I was very happy, too, with the performance of 
                  Winter Legends until I read RB’s review 
                  of the recording with Harriet Cohen and Clarence Raybould on 
                  the Dutton label (CDBP9751). Cohen was, of course the only begetter 
                  of the work and there are grounds for regarding her interpretation 
                  as authoritative. RB notes that this performance pulls no punches 
                  and is more exciting and abandoned than Fingerhut. To some extent 
                  the considerable difference in playing time (Cohen’s 39:39 against 
                  Fingerhut’s 43:19) is due to the restoration of several passages 
                  previously cut, but it may also explain that last 5% which I 
                  felt this Chandos recording was missing. 
                
Normally I favour Bryden Thomson’s leisurely tempi 
                  in Bax, giving the listener plenty of time to view the scenery, 
                  but Winter Legends is the exception to the rule: this 
                  is scenery which we probably want to move through a little faster. 

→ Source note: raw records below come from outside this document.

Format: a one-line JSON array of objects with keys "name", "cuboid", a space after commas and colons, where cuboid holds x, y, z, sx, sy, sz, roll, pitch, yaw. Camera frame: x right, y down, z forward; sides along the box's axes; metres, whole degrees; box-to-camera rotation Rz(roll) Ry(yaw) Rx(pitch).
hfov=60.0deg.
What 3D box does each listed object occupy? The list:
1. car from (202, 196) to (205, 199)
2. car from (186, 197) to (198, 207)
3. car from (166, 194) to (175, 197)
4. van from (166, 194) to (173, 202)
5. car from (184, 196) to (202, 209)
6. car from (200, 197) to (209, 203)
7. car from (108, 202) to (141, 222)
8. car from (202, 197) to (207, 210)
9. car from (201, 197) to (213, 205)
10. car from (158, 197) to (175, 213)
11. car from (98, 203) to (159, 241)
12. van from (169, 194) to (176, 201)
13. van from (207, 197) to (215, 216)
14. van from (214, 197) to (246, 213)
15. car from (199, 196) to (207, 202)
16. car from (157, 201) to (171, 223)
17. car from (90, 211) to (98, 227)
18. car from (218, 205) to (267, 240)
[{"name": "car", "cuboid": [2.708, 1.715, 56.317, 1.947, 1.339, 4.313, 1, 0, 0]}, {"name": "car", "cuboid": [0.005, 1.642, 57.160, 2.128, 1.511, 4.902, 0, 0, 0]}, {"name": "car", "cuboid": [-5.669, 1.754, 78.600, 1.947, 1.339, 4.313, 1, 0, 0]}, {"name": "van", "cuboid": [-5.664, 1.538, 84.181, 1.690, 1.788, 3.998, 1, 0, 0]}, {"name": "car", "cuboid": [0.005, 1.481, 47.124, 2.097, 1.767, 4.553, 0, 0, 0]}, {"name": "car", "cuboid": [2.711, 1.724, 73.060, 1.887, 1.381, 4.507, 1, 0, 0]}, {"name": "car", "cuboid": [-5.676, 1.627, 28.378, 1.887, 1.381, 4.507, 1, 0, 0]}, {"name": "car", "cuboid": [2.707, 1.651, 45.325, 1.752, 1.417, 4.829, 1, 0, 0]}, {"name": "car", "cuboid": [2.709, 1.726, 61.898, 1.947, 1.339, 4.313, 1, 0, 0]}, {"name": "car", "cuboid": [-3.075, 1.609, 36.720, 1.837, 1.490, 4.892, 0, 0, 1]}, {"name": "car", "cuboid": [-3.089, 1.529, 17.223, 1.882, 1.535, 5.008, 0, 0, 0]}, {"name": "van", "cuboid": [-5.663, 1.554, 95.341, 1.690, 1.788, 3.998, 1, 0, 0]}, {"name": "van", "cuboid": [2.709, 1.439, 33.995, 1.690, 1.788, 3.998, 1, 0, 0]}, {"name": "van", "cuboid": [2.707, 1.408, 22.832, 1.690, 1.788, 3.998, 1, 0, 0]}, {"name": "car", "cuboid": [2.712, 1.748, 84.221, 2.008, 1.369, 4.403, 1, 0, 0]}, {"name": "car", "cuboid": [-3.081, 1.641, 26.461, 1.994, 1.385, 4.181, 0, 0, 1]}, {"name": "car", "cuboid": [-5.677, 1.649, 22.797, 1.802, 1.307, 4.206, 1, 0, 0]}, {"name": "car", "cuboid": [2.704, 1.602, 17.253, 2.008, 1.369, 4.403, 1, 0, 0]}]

                  I guess the Cohen version, for all its sub-fusc off-air recording 
                  quality, provides that little bit extra that I’m looking for 
                  in a work which hitherto has almost (but not quite) convinced 
                  me of its worth. It’s definitely on my shopping list. 
                
I don’t wish to make too much of the shortcomings 
                  of the Fingerhut version, however. In general the performance 
                  supports those who see the work as quasi-symphonic – powerful 
                  music in the three-movement-plus-epilogue manner of all the 
                  numbered symphonies, dating from between the Third and Fourth 
                  of these. Unlike their recordings of the symphonies, Chandos 
                  track the epilogue separately. 
                
Saga Fragment is an orchestration of a movement from 
                  a Piano Quartet but it sounds anything but cobbled together. 

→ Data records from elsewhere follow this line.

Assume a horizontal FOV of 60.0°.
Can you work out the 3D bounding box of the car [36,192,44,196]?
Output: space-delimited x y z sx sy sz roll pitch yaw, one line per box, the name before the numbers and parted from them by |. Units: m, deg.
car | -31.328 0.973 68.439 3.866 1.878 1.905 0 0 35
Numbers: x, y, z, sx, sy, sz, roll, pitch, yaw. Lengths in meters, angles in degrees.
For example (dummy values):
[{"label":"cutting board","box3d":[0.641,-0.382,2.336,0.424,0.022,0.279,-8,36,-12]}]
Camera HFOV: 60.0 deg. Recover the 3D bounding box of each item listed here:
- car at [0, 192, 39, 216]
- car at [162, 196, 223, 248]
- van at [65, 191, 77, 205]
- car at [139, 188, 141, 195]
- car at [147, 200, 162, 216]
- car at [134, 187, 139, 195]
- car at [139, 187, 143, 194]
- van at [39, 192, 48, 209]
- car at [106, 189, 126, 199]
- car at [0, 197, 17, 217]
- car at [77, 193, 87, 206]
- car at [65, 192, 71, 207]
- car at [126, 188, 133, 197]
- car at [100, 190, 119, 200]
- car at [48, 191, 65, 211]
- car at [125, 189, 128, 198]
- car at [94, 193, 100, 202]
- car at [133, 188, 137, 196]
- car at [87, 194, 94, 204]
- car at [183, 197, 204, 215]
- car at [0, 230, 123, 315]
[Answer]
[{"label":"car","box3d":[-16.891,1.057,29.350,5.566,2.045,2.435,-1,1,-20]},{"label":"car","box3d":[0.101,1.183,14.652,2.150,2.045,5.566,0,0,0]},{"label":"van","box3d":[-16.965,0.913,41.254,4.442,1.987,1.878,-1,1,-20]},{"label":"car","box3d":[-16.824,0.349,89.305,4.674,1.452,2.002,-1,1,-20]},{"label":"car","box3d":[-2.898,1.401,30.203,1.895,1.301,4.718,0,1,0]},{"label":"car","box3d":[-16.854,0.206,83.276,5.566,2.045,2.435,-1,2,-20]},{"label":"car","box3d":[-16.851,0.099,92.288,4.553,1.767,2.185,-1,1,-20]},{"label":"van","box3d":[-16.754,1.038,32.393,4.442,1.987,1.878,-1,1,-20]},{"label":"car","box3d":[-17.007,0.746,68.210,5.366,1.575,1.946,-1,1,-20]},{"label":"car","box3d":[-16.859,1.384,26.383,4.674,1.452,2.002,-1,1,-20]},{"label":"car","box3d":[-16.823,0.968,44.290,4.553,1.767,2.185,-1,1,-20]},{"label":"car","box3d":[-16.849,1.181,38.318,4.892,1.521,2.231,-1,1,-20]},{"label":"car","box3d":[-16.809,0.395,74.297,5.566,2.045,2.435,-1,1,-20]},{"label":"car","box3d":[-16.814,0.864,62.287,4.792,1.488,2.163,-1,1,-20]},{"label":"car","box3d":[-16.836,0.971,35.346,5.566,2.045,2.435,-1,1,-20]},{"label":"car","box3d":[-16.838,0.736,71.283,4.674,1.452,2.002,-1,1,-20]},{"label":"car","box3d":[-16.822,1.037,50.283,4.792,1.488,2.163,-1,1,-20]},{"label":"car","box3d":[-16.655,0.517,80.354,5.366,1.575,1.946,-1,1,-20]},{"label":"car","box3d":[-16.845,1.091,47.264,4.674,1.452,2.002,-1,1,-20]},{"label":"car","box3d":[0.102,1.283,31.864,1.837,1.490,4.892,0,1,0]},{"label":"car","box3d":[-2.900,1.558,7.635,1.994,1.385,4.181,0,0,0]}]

                  Fingerhut’s account is very convincing – if anything the most 
                  convincing of her performances of any of these four works; given 
                  that she offers the only available recording of this work and 
                  the only modern recording of the Legends, my recommendation 
                  of CHAN8484 is therefore only very slightly muted. 
                
The notes by Lewis Foreman are excellent and the 
                  recording, in any format, very good. If you have already made 
                  the acquaintance of Bax’s symphonies, these recordings – whichever 
                  format you choose – could well be an ideal next step. 
                
              
I’ve been listening to and writing about a good 
                deal of Bax and Buxtehude recently – two very different composers, 
                but I’ve yet to become sated with either.
              
Brian 
                Wilson
              
Additional 
                options discussed:
                
                Sir Arnold BAX (1883-1953) 

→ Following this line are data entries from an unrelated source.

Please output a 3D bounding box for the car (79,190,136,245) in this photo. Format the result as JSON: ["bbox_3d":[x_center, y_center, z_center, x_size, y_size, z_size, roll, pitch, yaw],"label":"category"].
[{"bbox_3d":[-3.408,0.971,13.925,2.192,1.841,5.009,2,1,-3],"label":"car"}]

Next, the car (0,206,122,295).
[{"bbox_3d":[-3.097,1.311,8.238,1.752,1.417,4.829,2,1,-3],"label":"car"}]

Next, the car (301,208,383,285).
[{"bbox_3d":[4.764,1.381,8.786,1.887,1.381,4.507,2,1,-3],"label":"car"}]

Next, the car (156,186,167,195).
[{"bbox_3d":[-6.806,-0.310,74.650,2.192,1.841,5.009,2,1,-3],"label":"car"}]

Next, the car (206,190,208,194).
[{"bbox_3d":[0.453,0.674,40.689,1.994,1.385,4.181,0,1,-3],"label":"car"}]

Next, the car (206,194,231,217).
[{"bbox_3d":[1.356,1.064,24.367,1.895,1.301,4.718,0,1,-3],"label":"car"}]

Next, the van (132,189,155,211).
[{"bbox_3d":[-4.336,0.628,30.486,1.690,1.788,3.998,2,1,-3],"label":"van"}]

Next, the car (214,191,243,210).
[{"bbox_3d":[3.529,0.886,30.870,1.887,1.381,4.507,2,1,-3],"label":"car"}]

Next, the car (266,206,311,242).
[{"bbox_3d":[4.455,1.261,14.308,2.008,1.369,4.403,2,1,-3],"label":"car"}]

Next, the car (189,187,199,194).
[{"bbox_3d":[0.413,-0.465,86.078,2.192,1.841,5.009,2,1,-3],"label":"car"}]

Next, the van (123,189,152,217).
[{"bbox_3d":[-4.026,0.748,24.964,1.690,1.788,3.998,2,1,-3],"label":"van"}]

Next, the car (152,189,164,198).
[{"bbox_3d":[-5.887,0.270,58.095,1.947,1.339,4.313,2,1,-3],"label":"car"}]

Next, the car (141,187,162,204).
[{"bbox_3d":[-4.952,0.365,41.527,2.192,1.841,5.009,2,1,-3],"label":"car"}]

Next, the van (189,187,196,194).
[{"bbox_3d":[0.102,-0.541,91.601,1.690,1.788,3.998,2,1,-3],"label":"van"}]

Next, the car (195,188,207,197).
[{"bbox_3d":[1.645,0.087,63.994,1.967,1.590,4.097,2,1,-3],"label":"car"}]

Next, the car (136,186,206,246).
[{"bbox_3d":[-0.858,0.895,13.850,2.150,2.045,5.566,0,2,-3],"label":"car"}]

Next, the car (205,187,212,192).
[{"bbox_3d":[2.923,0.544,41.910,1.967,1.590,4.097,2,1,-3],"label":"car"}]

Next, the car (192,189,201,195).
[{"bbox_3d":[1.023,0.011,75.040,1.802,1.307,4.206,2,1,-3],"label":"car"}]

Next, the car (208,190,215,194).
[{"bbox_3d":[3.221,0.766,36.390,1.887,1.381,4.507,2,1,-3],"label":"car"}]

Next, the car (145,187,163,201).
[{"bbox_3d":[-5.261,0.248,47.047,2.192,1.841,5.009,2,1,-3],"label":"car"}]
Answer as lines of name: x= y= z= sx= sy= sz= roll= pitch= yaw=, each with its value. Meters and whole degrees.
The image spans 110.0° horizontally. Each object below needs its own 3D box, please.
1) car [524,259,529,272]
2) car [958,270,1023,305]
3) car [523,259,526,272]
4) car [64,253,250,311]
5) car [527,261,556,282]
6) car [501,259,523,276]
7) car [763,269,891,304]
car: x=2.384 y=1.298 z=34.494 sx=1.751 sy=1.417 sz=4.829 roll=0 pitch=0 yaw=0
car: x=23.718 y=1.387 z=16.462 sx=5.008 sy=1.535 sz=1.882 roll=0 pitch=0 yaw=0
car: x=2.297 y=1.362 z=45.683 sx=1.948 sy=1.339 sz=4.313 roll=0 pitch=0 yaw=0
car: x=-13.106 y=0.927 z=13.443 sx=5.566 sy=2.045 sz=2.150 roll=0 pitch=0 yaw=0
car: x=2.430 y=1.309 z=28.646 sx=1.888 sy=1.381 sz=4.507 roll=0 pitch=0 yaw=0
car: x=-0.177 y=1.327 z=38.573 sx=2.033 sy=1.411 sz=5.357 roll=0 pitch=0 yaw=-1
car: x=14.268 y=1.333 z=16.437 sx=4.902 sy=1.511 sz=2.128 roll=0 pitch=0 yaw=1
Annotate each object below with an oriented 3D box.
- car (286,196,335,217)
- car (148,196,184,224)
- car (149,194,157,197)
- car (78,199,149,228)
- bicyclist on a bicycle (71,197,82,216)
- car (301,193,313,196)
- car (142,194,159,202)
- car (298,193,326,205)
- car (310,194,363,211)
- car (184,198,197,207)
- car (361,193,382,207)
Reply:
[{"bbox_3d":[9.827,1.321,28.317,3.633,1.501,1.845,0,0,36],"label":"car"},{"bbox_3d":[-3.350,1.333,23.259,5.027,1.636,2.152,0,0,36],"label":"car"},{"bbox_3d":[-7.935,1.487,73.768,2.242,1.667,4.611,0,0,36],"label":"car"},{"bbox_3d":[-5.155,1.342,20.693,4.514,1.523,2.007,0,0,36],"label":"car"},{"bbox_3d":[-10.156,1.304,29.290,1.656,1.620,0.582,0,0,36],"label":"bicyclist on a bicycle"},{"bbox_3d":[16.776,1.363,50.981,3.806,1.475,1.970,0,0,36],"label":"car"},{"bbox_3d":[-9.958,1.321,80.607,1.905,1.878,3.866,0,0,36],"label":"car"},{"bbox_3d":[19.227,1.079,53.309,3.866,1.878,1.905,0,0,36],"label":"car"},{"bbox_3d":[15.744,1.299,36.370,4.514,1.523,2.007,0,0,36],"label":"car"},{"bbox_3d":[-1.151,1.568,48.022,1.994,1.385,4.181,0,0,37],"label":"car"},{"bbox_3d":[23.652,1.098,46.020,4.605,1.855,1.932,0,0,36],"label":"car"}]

                Symphonic 
                Variations for 
                Piano and Orchestra (1917-19) [49:34] 
                Morning 
                Song (Maytime 
                in Sussex) (1947) [8:09] 
                
 
                Margaret Fingerhut (piano) 
                London Philharmonic Orchestra/Bryden 
                Thomson 
                rec. 
                All Saints’ Church, Tooting, London, 7-8 January 1987. DDD. 
                
 
                CHANDOS mp3 CHAN8516 
 
                [57:52] 
                
                Sir Arnold BAX (1883-1953) 
                Winter 
                Legends for 
                Piano and Orchestra (1929) [43:19] 
                Saga 
                Fragment for 
                Piano and Small Orchestra (1922, orch.1933) [11:13] 
                
 
                Margaret Fingerhut (piano) 
                London Philharmonic Orchestra/Bryden 
                Thomson 
                rec. 
                All Saints’ Church, Tooting, London, 3-4 April 1986. DDD.